Saat aku memasuki rumah dan berlari kecil menuju kamar, tiba-tiba langkahku terhenti karena mendengar suara Papa,
"Anna, kemarilah, Sayang."
Jantungku berdegup kencang. Aku melihat sekeliling, mengapa tidak ada satupun pelayan yang memberitahuku kalau Papa sudah pulang lebih awal hari ini.
Perlahan aku berjalan ke arah Papa. Apa Papa tahu darimana aku barusan? Aku tahu itu tidak mungkin, tapi tetap saja aku merasa takut. Apapun bisa terjadi, benar kan?
"Duduklah dulu, Anna. Aku tidak akan mau berbincang dengan orang yang tidak siap dan nafas yang terengah seperti itu."
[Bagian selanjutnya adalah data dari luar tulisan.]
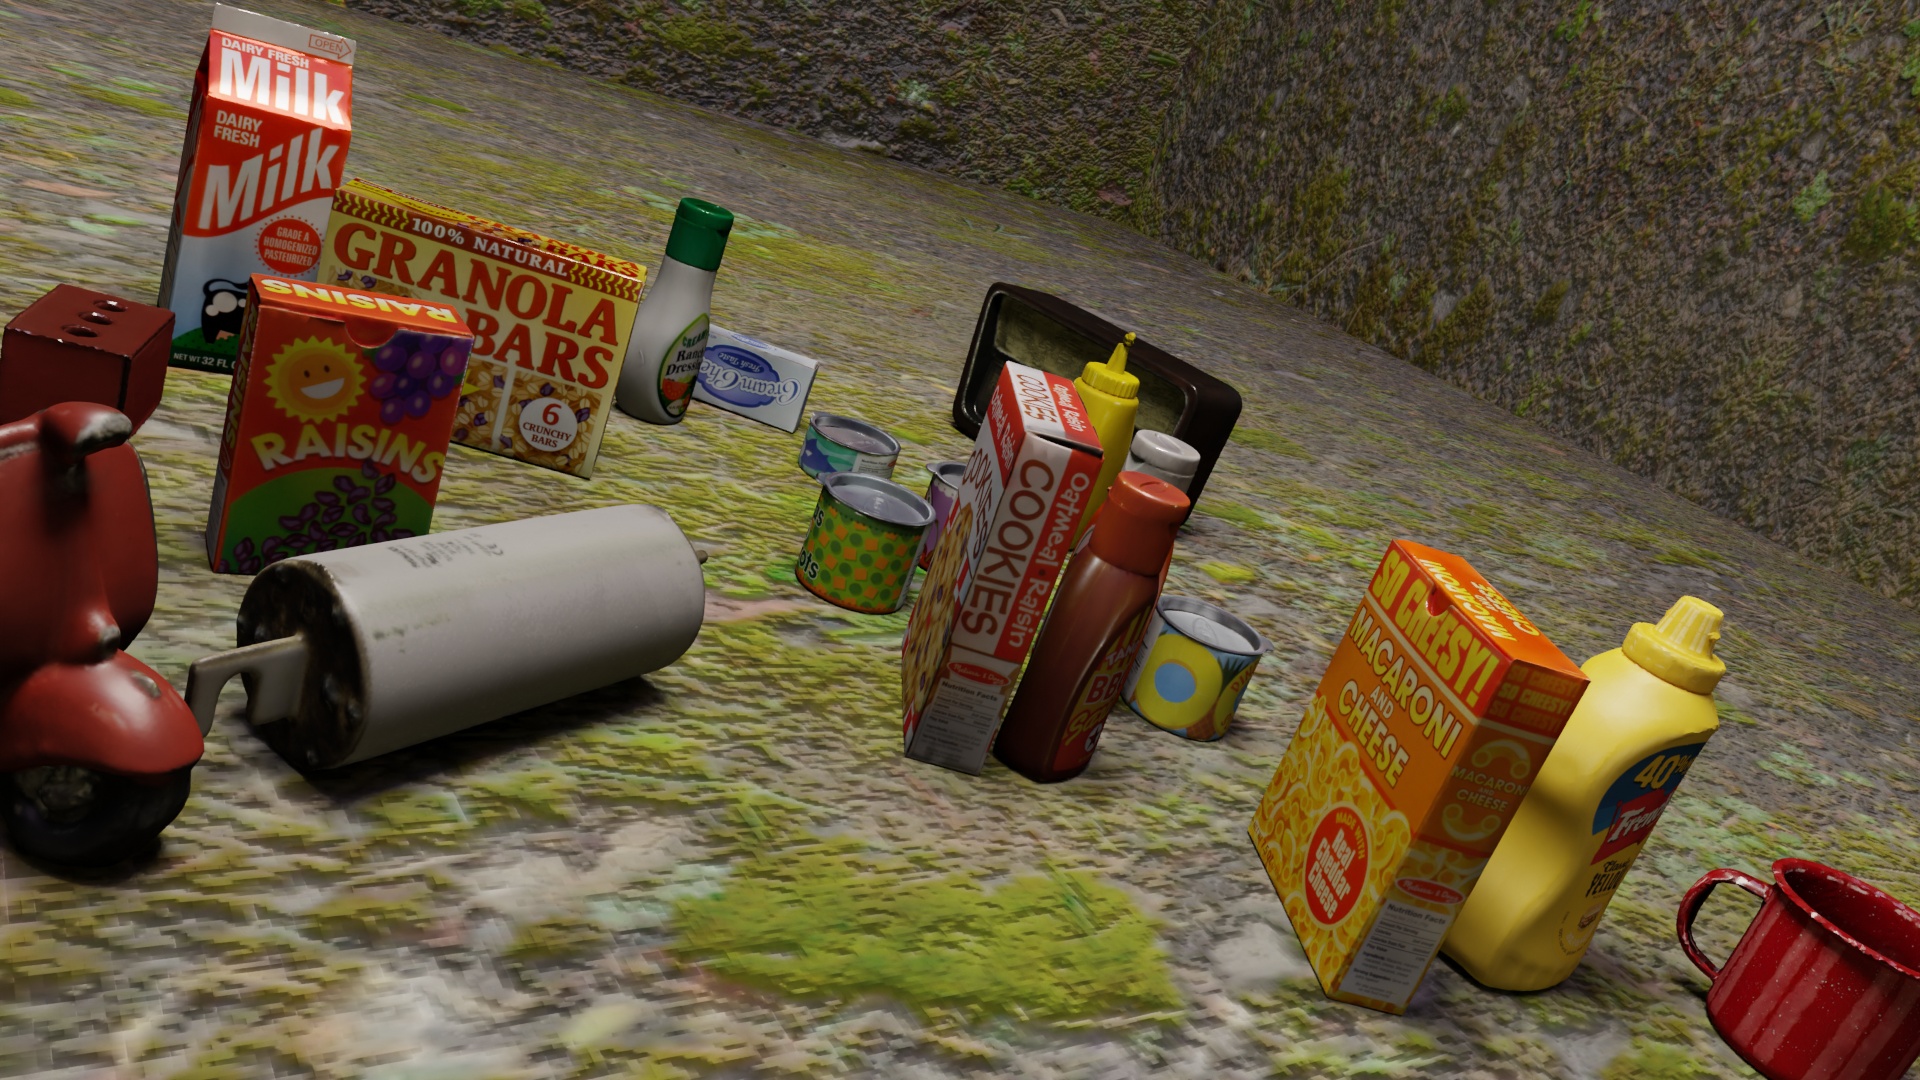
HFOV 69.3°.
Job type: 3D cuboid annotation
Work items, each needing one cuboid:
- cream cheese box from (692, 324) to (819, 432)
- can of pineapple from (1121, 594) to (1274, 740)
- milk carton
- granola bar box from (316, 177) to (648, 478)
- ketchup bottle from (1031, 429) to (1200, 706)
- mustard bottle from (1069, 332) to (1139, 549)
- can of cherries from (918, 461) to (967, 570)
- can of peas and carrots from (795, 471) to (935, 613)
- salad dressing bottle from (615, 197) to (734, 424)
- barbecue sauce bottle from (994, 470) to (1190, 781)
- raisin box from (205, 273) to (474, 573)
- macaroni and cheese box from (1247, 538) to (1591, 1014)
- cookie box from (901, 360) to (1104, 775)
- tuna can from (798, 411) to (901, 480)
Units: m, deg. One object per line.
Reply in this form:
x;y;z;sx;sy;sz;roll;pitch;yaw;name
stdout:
-0.160;-0.121;1.012;0.104;0.053;0.024;19;19;-4;cream cheese box
0.132;0.072;0.781;0.071;0.057;0.071;18;19;-6;can of pineapple
-0.389;-0.191;0.768;0.072;0.189;0.073;6;23;-36;milk carton
-0.274;-0.118;0.785;0.166;0.123;0.039;16;19;-13;granola bar box
0.086;0.014;0.752;0.043;0.148;0.065;10;21;-27;ketchup bottle
0.090;-0.072;0.970;0.049;0.159;0.065;33;23;33;mustard bottle
0.003;-0.011;0.874;0.071;0.058;0.072;18;19;-6;can of cherries
-0.056;0.000;0.784;0.071;0.058;0.071;18;19;-6;can of peas and carrots
-0.189;-0.153;0.927;0.044;0.147;0.064;26;20;16;salad dressing bottle
0.064;0.040;0.663;0.044;0.148;0.065;29;21;24;barbecue sauce bottle
-0.269;-0.045;0.599;0.086;0.123;0.040;6;24;-36;raisin box
0.190;0.098;0.606;0.040;0.165;0.124;16;19;-12;macaroni and cheese box
0.016;0.009;0.670;0.040;0.166;0.123;17;19;-9;cookie box
-0.079;-0.061;0.964;0.071;0.032;0.071;18;19;-6;tuna can

Aku duduk di sofa dengan perlahan. Papa masih duduk dengan tenang, sambil menyadarkan tubuhnya. Ia menungguku siap mendengarkan ucapannya. Mengapa sejak ulang tahunku itu Papa jadi sering bersikap lebih formal terhadapku. Membuatku sedikit tidak nyaman.
"Aku hanya ingin menanyakan perihal Sebastian. Kau sudah bertemu dan melihatnya semalam. Bagaimana menurutmu?"
Bagaimana apanya? Aku tidak mengerti.
"Sebastian lelaki yang tampan, Papa." jawabku jujur. Papa tampak tertawa kecil.
"Kalau itu, semua orang bisa melihatnya, Anna. Maksudku, apa pendapatmu tentang sosok Sebastian."
"Aku ..." aku menahan kalimatku. Berusaha mencari jawaban. Tapi, yang ada di otakku hanya jawaban-jawaban konyol yang ku rasa Papa pasti akan tertawa lagi jika mendengarnya, "aku belum tahu, Papa. Kami baru bertemu sekali dan itu pun hanya sebentar."
Papa menarik nafas dan tampak berpikir sejenak. Papa menarik tubuhnya dari sandaran dan mencondongkan tubuhnya ke arahku.
"Kau tahu, Anna. Aku berniat untuk menikahkanmu dengan Sebastian."
APA?!!! Papa pasti bercanda. Menikah dengan orang yang tidak ku kenal. No way! Apa Papa tahu siapa orang yang paling aku cintai di dunia ini? Seth, ya hanya Seth. Dan, aku hanya akan menikah dengannya, bukan orang lain, tak perduli siapapun orang itu. Aku tidak perduli apakah dia tampan, kaya, pewaris tunggal perusahaan atau apapun. Intinya aku tidak mau!!!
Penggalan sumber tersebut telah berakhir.